Я начал работать в 1894 г. при полковнике Секеринском. В 1898 г. работал с Леонидом Антоновичем Квицинским и другими. В 1904 г. работал с Владимиром Францевичем Модль и в 1906 г. с Владимиром Николаевичем Кулаковым и господином начальником полковником Герасимовым».

Это прошение было представлено начальником Охранного отделения полк. фон Коттеном директору Департамента полиции при следующем рапорте:

«Представляя при сем прошение бывшего секретного сотрудника вверенного мне отделения, под кличкою „Сам“, крестьянина Василия Карпова Чистова, ходатайствующего о выдаче ему денежного пособия, докладываю, что все изложенное в прошении Чистова соответствует действительности, и бывшая деятельность его, по моему мнению, заслуживает поощрения».

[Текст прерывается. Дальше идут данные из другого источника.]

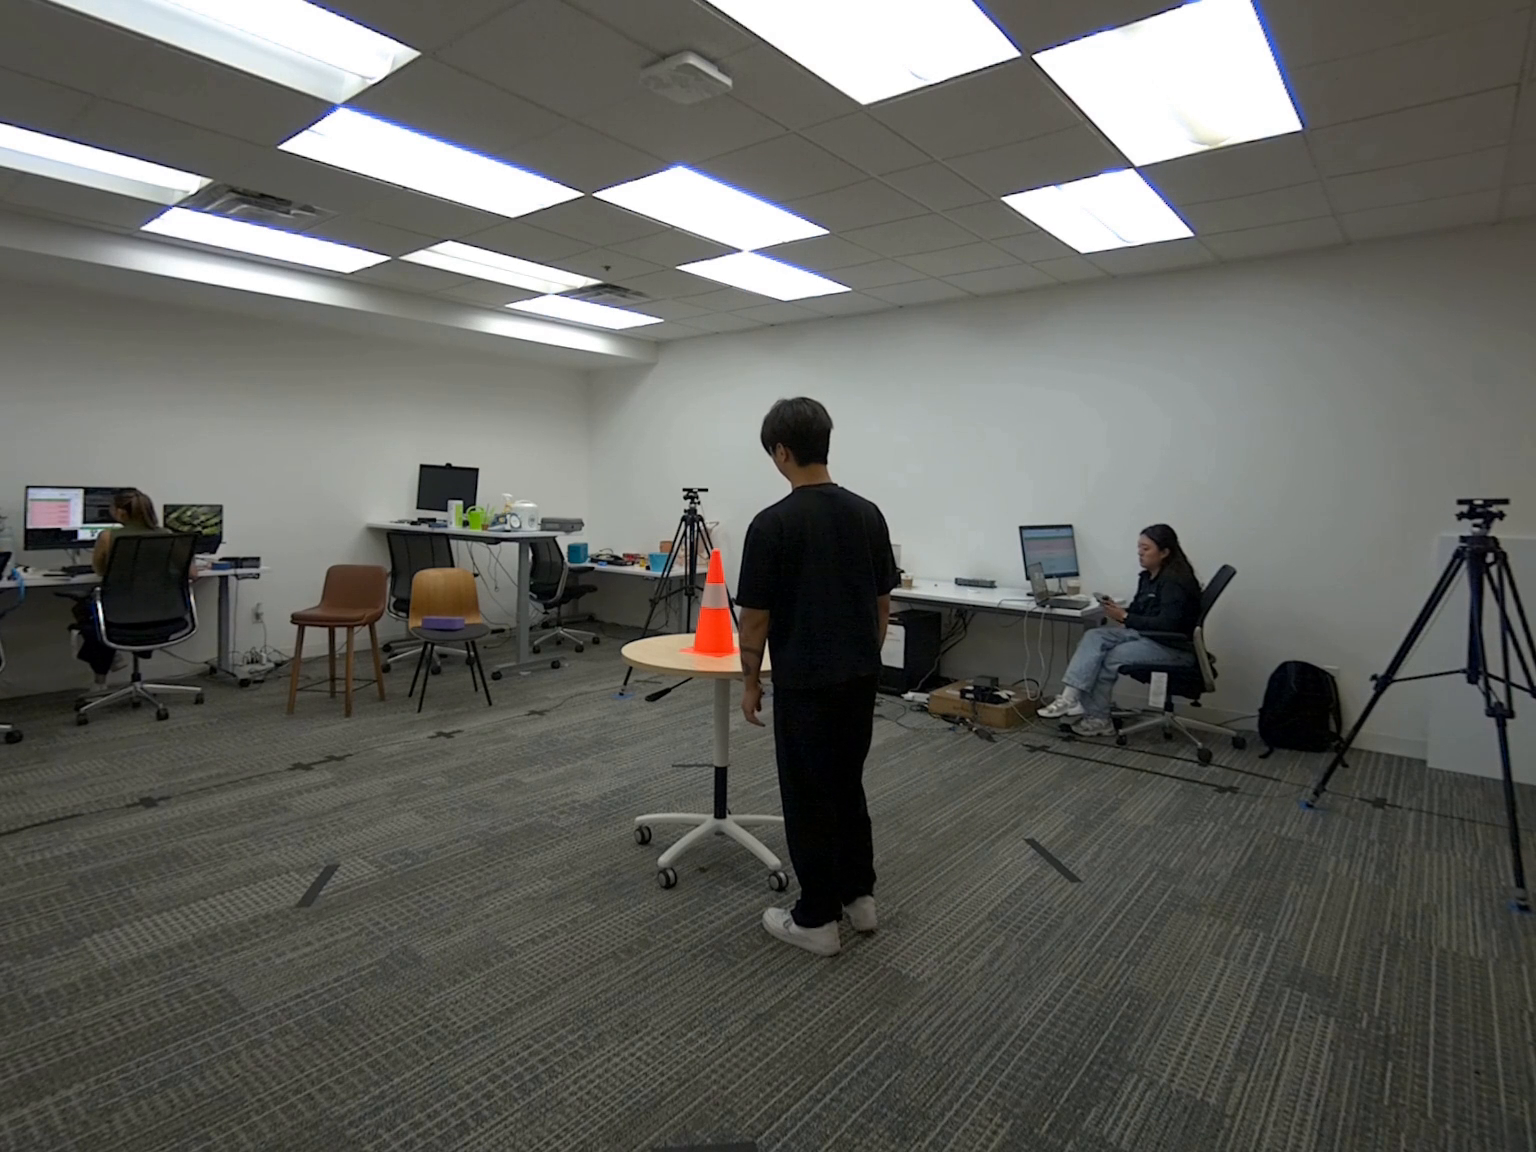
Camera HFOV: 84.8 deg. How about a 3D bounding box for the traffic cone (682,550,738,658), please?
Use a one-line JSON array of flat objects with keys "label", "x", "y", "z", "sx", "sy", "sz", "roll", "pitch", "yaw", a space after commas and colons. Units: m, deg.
[{"label": "traffic cone", "x": -0.210, "y": 0.093, "z": 3.192, "sx": 0.211, "sy": 0.382, "sz": 0.198, "roll": 4, "pitch": 5, "yaw": 28}]
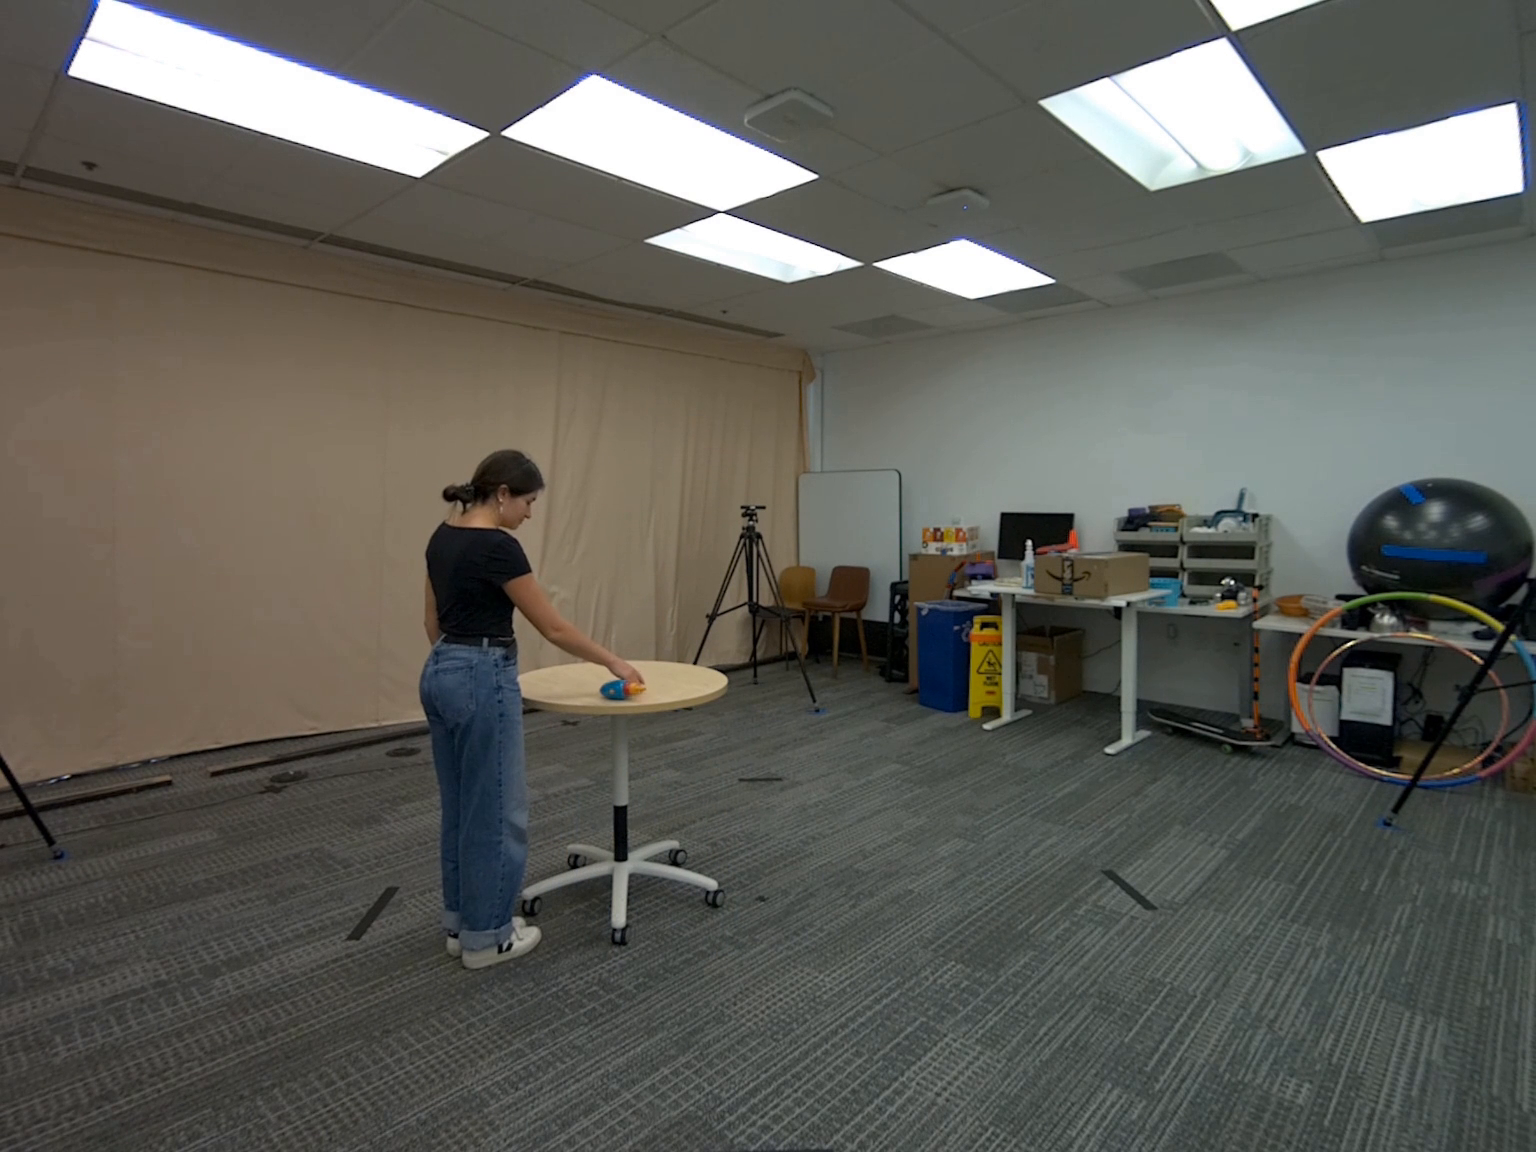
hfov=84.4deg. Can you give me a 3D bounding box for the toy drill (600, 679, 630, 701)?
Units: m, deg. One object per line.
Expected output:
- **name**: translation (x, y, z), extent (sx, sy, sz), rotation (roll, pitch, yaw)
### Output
- **toy drill**: translation (-0.434, 0.364, 2.685), extent (0.173, 0.061, 0.142), rotation (-9, -3, 25)
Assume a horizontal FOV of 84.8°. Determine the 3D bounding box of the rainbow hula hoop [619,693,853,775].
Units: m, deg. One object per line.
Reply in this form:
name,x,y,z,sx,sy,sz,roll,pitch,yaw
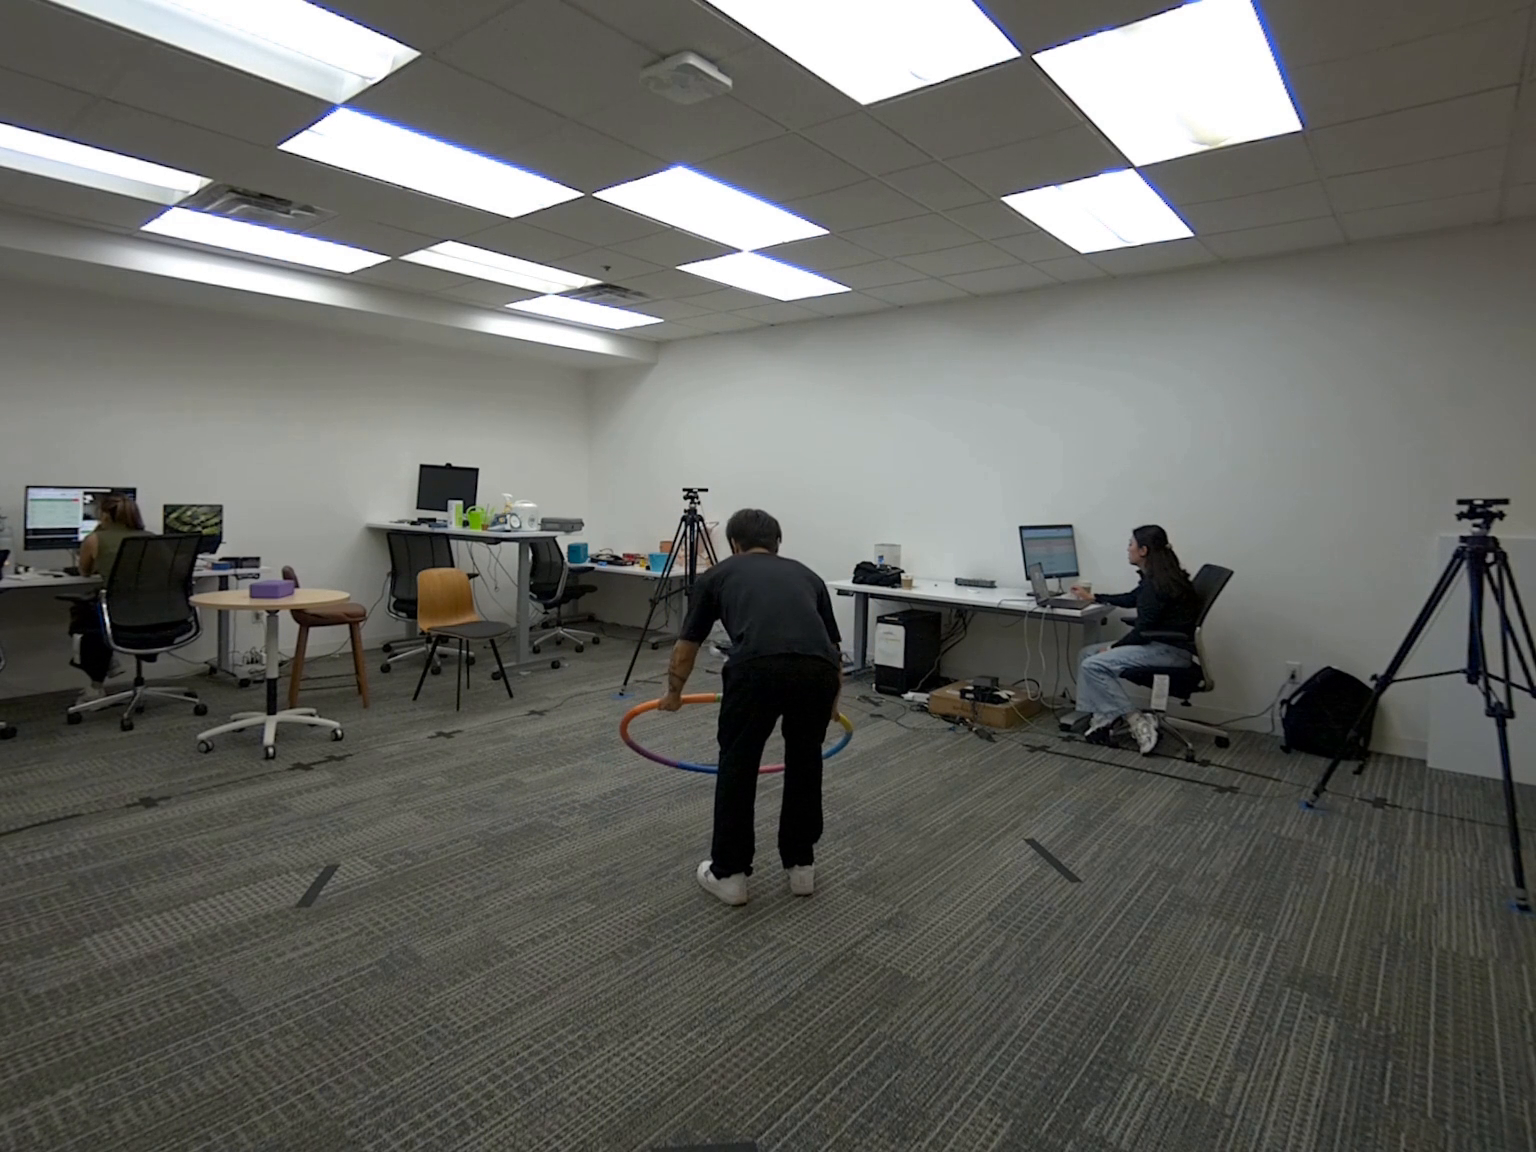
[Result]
rainbow hula hoop,-0.161,0.662,3.598,0.979,0.036,0.955,2,-30,-1
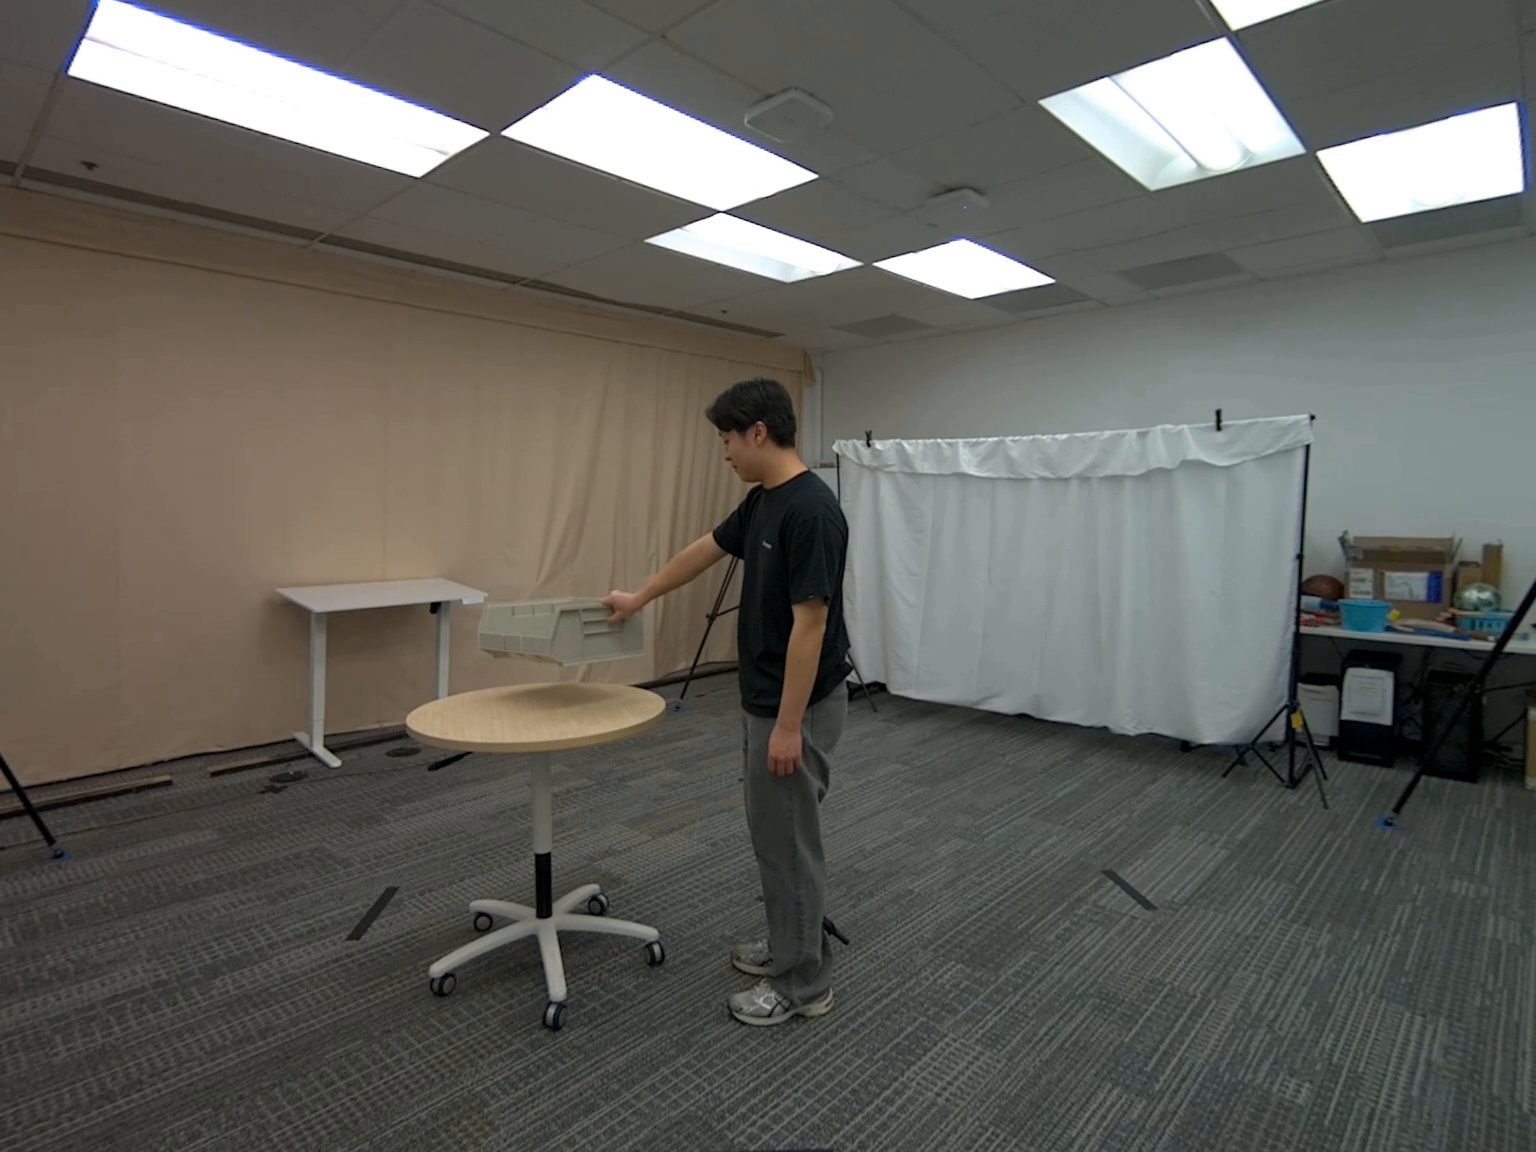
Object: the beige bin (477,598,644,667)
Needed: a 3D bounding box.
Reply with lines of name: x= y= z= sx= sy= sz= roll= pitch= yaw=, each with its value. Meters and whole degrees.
beige bin: x=-0.658 y=0.171 z=2.707 sx=0.365 sy=0.189 sz=0.436 roll=-2 pitch=1 yaw=-44

Директор Н. П. Зуев положил резолюцию: «Полагал бы выдать двести рублей». Товарищ министра Курлов утвердил представление департамента, и 200 руб. «Самому» были выданы в апреле 1910 г. {196}

СЕКРЕТНЫЙ СОТРУДНИК «ПЕТЕРБУРГСКИЙ»

«Его превосходительству господину

директору Департамента полиции

ПРОШЕНИЕ

В 1902 г. известный работник Радченко, который руководил всей с.-д. организацией, им было задумано поставить типографию для Петербурга, но он решил ее поставить в гор. Пскове, куда он и уехал и где мною был даден под наблюдение и где была обнаружена большая типография (американская бостонка), которая должна была обслуживать не только С.-Петербург, но и другие города. При аресте типографии было задержано несколько нелегальных работников.

В конце 1902 г. и начале 1903 г. мною было оповещено отделение, что на Галерной улице, д. № 42, помещается нелегальная типография, которой заведовал Карпенко со своею женою, а остальные были нелегальные, которые и были задержаны во время работы и совместно был арестован с.-петербургский комитет с.-д. партии и при нем взят склад нелегальной литературы. В конце 1905 г. мною было оповещено отделение о состоявшемся собрании рабочих Петербургского района, входящих по одному человеку с заводов и фабрик, которое и было арестовано на Ораниенбаумской улице в помещении с.-д. клуба. (Клуб закрыт.) В то же время мною было дадено знать о состоявшемся собрании боевой дружины Петербургского района, который и был арестован на Теряевой улице, и о состоявшем собрании в это же время боевой дружины Выборгского района в помещении клуба по Ораниенбаумской улице при аресте были забраны бомбы и другие взрывчатые вещества, которые были вещественным доказательством на суде. В том же году мною был даден под наблюдение студент-медик Иохильсон, который и был арестован на улице у клиники со взрывчатым веществом динамитом. Потом еще мною был даден студент С.-Петер-{197}бургского университета М. Тверский, как организатор Василеостровского района.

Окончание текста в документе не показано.